Dataset items
--- --- ---

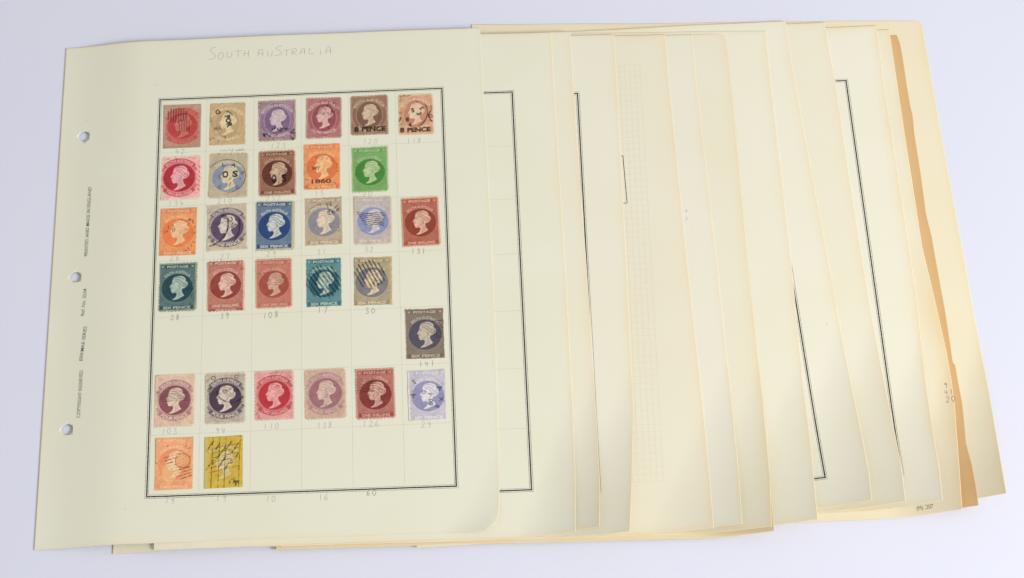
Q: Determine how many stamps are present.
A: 31
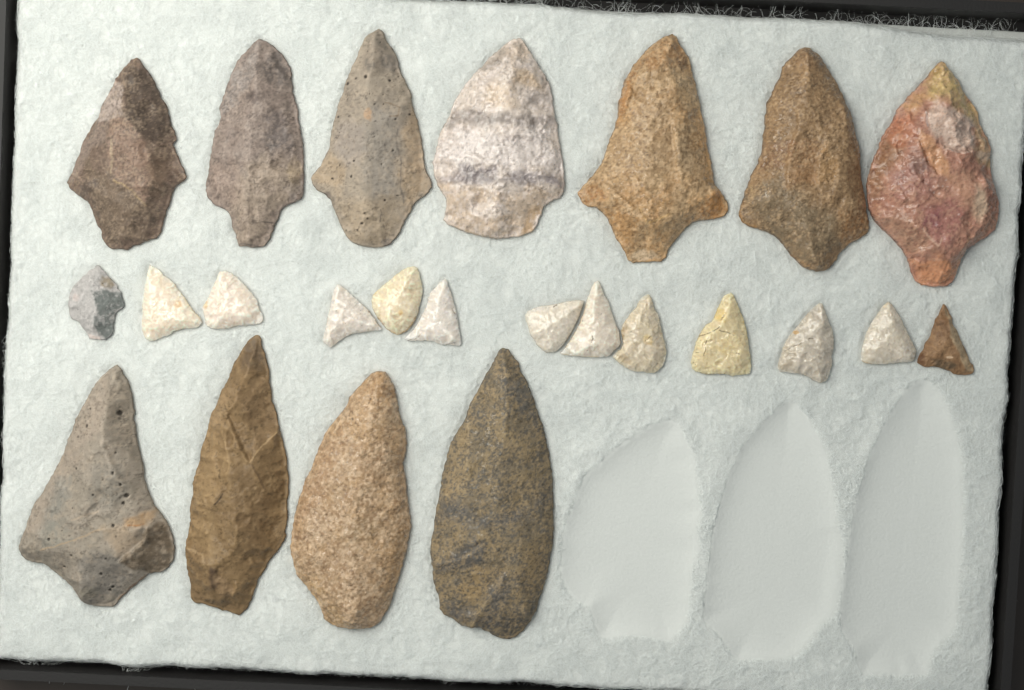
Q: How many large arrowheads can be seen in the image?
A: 11
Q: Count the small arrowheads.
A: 13
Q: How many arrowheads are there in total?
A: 24

--- --- ---

- [ACTIVITY]: State how many lines of the records above hold the word "arrowheads", adding nothing beyond the number.

- [EXERCISE OUTPUT]: 3